10. A means for obtaining a measured value of the coronary blood flow rate at maximum hyperemia (Q(hyp.)), and a means for calculating a blood pressure corrected Q(hyp.) by using the linear relationship between the coronary blood flow rate at maximum hyperemia (Q(hyp.)) and the arteriovenous pressure difference (ΔP(a-v)), and converting the measured value of the coronary blood flow rate at maximum hyperemia (Q(hyp.)) obtained by the Q(hyp.) acquisition means to a value under the condition of an arbitrary specific value (ΔPs) of the arteriovenous pressure difference (ΔP(a-v)), A coronary blood flow measuring device characterized by having a calculation means for calculating at least one value of a body surface area corrected Q(hyp.) or a blood pressure / body surface area corrected Q(hyp.) by correcting the measured value of the maximum hypertensive coronary blood flow (Q(hyp.)) obtained by the Q(hyp.) acquisition means or the blood pressure corrected Q(hyp.) (cQ(hyp.)) obtained by the cQ(hyp.) calculation means, using the body size values of the target patient.

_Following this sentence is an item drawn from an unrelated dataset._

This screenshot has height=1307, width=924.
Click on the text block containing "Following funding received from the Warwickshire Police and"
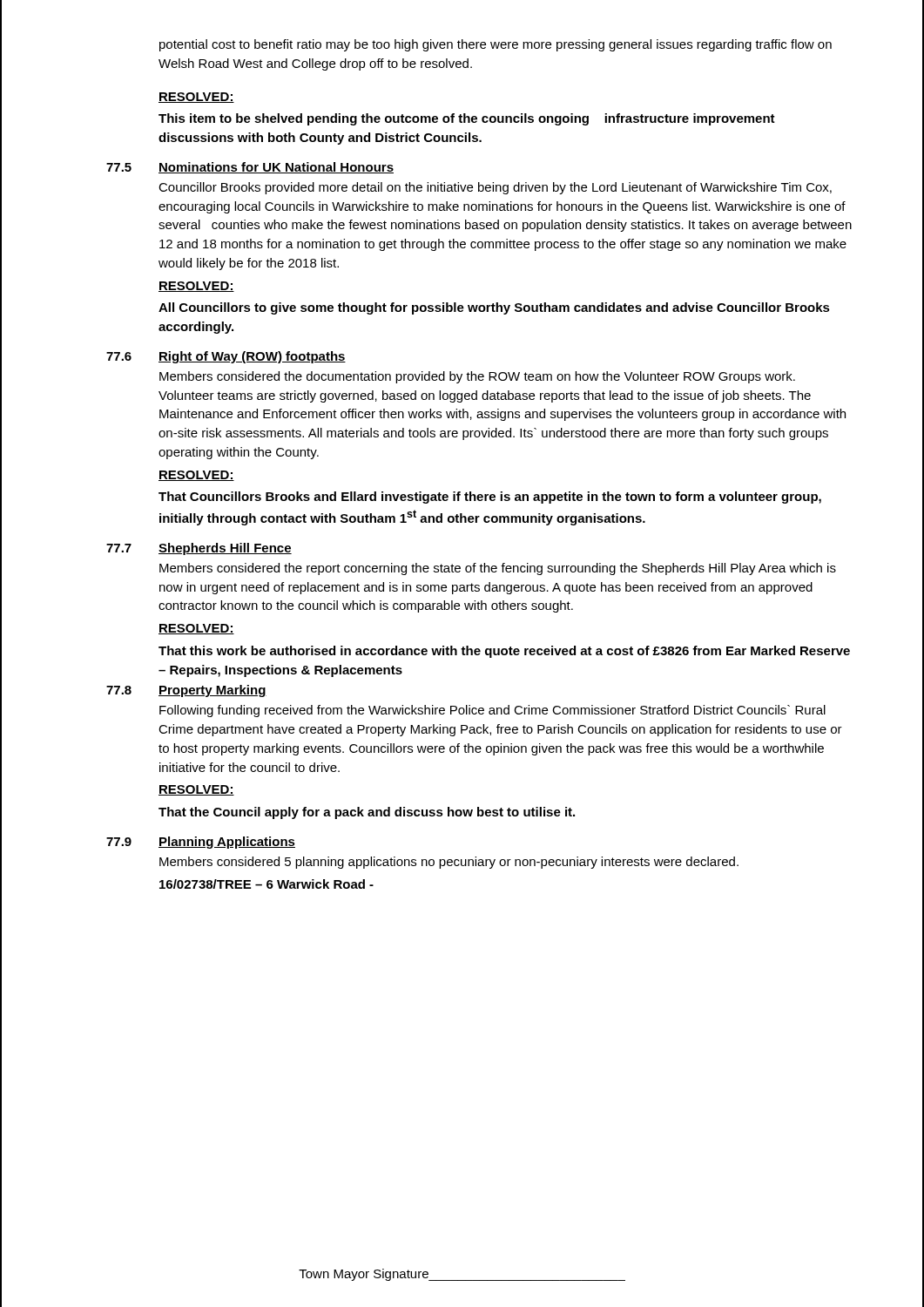tap(506, 739)

11. A CFV (hyp.) acquisition means for acquiring a measured value of the total coronary blood flow rate (CFV (hyp.)) at maximum hyperemia, and a blood pressure-corrected total coronary blood flow rate (cCFV (hyp.)) obtained by converting the measured value of the total coronary blood flow rate (CFV (hyp.)) acquired by the CFV (hyp.) acquisition means to a value under the condition of an arbitrary specific value (ΔPs) of the arteriovenous pressure difference (ΔP (a-v)), using the linear relationship between the total coronary blood flow rate (CFV (hyp.)) at maximum hyperemia and the arteriovenous pressure difference (ΔP (a-v)), A coronary blood flow determination device characterized by having an ischemic heart disease determination means that determines the presence or absence of ischemic heart disease using at least one value from the following: the measured value of the total coronary blood flow at maximum congestion (CFV(hyp.)) obtained by the CFV(hyp.) acquisition means, or the surface area corrected CFV(hyp.) or the blood pressure / surface area corrected total coronary blood flow index at maximum congestion (cCFI) obtained by correcting the blood pressure corrected total coronary blood flow at maximum congestion (cCFV(hyp.)) using the body size values of the target patient.
12. The system includes a CFR acquisition means for acquiring a calculated value of coronary flow reserve (CFR), and a cCFR calculation means for calculating blood pressure-corrected CFR (cCFR) by using the linear relationship between the coronary blood flow rate at maximum hyperemia (Q(hyp.)) and the arteriovenous pressure difference (ΔP(a-v)), and converting the calculated value of coronary flow reserve (CFR) acquired by the CFR acquisition means to a value under the condition of an arbitrary specific value (ΔPs) of the arteriovenous pressure difference (ΔP(a-v)). The coronary blood flow determination device according to claim 11, wherein the ischemic heart disease determination means determines the presence or absence of ischemic heart disease using, in addition to at least one value of the blood pressure-corrected total coronary blood flow at maximum congestion (cCFV(hyp.)), the body surface area-corrected CFV(hyp.), or the blood pressure / body surface area-corrected total coronary blood flow index at maximum congestion (cCFI), the value of the blood pressure-corrected CFR (cCFR) obtained by the cCFR calculation means.